Directions for this task – Begin at the line that has "Metres and whole degrees.", stop after the line that has "Image width covers 60.0°.", and print exactly those lines from the records below, without any pictures.

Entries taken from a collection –
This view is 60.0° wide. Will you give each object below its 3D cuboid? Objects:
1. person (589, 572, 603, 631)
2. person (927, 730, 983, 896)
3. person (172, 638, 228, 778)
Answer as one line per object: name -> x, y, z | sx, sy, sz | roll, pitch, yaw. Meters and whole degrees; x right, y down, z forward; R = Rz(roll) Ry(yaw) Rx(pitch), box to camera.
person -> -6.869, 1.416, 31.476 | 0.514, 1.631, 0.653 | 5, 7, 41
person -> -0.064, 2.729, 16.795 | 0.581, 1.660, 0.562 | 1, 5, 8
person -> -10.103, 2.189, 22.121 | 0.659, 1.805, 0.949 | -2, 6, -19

--

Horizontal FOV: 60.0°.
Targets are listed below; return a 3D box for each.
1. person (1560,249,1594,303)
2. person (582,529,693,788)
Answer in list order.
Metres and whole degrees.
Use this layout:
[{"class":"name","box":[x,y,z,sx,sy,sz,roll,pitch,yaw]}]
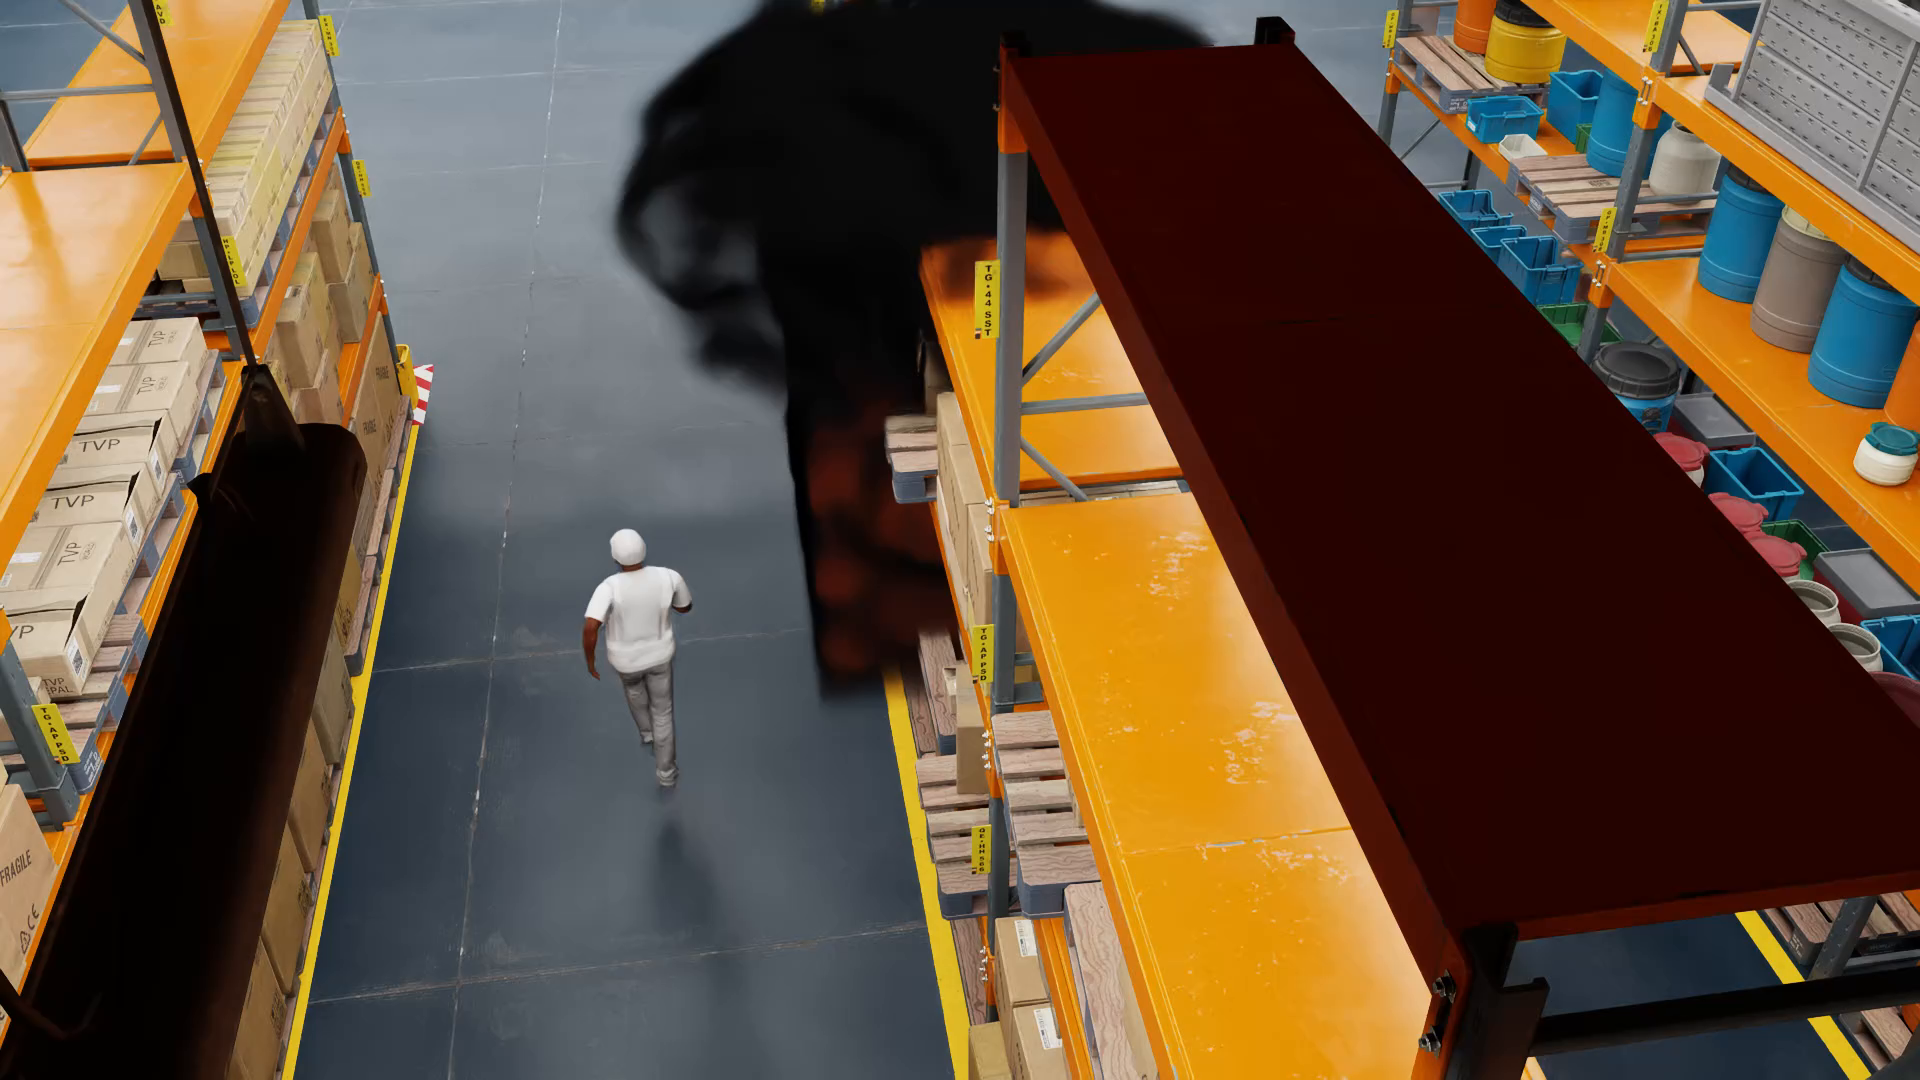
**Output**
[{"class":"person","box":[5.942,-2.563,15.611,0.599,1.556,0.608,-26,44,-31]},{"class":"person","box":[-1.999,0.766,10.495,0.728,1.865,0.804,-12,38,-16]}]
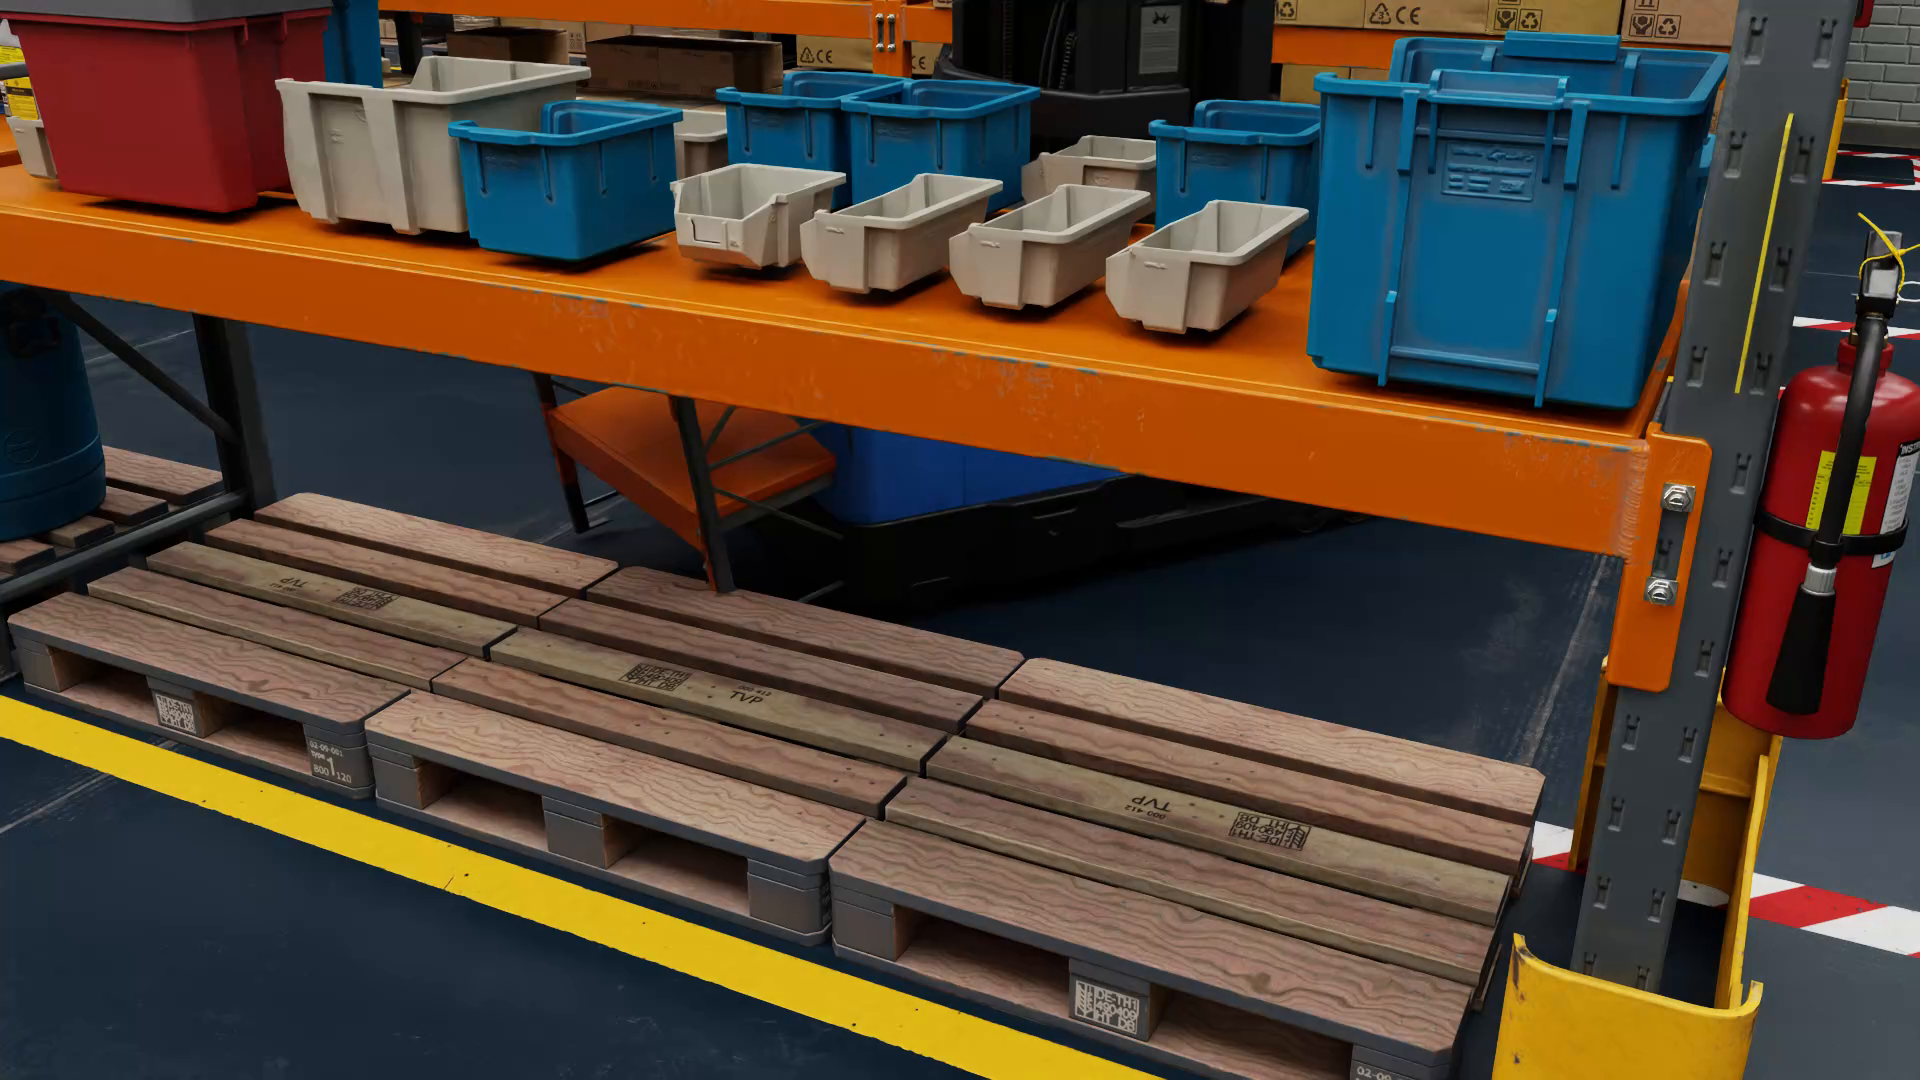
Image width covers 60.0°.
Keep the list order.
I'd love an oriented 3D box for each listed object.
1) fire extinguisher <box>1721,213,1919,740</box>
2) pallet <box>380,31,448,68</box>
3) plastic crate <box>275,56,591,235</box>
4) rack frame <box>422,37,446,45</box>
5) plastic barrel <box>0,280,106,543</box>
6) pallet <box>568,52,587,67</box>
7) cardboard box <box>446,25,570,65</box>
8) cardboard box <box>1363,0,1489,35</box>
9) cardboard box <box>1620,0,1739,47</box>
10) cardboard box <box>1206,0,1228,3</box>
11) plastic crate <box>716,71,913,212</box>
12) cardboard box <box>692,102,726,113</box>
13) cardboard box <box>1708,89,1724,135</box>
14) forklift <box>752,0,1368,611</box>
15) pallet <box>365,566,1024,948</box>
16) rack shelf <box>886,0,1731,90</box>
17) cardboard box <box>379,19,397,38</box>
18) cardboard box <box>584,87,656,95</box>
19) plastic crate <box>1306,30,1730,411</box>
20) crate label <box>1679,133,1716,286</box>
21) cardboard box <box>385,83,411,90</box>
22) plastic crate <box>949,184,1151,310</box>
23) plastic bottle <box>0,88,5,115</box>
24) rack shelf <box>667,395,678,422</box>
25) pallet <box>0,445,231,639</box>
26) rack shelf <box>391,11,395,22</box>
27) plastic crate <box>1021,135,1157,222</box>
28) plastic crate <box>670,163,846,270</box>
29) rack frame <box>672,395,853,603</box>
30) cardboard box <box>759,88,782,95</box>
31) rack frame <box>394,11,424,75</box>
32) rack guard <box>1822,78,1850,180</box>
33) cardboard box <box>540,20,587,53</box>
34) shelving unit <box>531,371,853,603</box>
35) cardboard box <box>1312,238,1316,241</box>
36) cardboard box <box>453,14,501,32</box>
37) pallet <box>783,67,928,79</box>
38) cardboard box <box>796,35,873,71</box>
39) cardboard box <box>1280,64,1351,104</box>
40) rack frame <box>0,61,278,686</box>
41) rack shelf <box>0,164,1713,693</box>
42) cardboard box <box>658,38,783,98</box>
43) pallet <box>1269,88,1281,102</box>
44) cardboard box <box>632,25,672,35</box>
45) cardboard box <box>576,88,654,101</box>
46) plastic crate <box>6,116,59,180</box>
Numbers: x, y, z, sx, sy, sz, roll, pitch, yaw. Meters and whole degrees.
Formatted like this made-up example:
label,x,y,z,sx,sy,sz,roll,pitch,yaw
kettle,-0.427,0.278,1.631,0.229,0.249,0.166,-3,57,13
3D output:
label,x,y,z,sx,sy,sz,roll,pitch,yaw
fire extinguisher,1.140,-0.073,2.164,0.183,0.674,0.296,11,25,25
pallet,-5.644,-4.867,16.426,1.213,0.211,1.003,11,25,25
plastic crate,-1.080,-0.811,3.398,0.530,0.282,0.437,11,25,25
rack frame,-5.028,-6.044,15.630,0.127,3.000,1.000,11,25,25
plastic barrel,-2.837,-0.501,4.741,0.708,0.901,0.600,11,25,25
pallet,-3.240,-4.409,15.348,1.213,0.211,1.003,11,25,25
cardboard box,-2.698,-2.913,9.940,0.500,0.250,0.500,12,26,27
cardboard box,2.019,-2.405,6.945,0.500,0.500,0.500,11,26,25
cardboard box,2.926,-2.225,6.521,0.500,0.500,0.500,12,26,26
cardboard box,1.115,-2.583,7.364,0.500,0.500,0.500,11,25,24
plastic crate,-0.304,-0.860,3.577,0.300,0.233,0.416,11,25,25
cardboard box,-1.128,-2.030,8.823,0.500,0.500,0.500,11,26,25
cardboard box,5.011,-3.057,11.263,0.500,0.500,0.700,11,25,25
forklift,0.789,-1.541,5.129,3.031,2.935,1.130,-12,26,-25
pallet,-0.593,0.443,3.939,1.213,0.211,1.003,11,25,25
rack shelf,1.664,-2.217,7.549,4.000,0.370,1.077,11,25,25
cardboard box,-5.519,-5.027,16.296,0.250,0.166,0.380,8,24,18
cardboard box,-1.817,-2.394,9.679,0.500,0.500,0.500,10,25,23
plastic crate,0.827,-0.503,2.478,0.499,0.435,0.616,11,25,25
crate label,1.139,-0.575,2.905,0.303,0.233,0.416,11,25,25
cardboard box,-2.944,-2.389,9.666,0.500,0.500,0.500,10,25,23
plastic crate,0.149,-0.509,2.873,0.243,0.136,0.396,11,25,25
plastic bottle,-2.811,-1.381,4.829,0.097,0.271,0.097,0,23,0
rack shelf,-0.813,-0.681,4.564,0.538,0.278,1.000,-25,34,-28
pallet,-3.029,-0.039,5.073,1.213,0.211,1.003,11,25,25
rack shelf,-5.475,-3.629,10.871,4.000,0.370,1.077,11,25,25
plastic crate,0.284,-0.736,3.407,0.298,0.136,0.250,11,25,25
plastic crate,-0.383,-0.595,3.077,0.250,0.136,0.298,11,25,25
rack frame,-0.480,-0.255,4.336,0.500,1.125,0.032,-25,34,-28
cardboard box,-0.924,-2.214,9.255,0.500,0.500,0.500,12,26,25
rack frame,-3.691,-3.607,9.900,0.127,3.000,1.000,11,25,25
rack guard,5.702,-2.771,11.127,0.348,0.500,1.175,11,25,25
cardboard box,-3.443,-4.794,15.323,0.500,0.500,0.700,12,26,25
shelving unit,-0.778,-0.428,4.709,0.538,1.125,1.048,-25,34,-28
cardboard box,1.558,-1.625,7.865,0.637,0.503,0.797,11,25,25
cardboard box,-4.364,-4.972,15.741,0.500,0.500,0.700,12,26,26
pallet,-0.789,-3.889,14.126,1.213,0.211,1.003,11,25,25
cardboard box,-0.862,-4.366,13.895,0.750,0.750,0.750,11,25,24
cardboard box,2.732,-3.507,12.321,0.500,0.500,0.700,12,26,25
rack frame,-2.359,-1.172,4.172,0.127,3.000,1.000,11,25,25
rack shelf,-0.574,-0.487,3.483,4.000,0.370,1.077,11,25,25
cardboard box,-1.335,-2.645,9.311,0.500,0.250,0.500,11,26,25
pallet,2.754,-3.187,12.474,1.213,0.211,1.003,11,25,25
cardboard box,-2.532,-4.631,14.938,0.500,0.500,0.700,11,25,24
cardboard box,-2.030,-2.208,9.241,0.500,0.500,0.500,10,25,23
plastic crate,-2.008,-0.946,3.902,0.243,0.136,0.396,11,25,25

Response to this exercise –
Metres and whole degrees.
Use this layout:
[{"class":"name","box":[x,y,z,sx,sy,sz,roll,pitch,yaw]}]
**Output**
[{"class":"person","box":[5.942,-2.563,15.611,0.599,1.556,0.608,-26,44,-31]},{"class":"person","box":[-1.999,0.766,10.495,0.728,1.865,0.804,-12,38,-16]}]
Image width covers 60.0°.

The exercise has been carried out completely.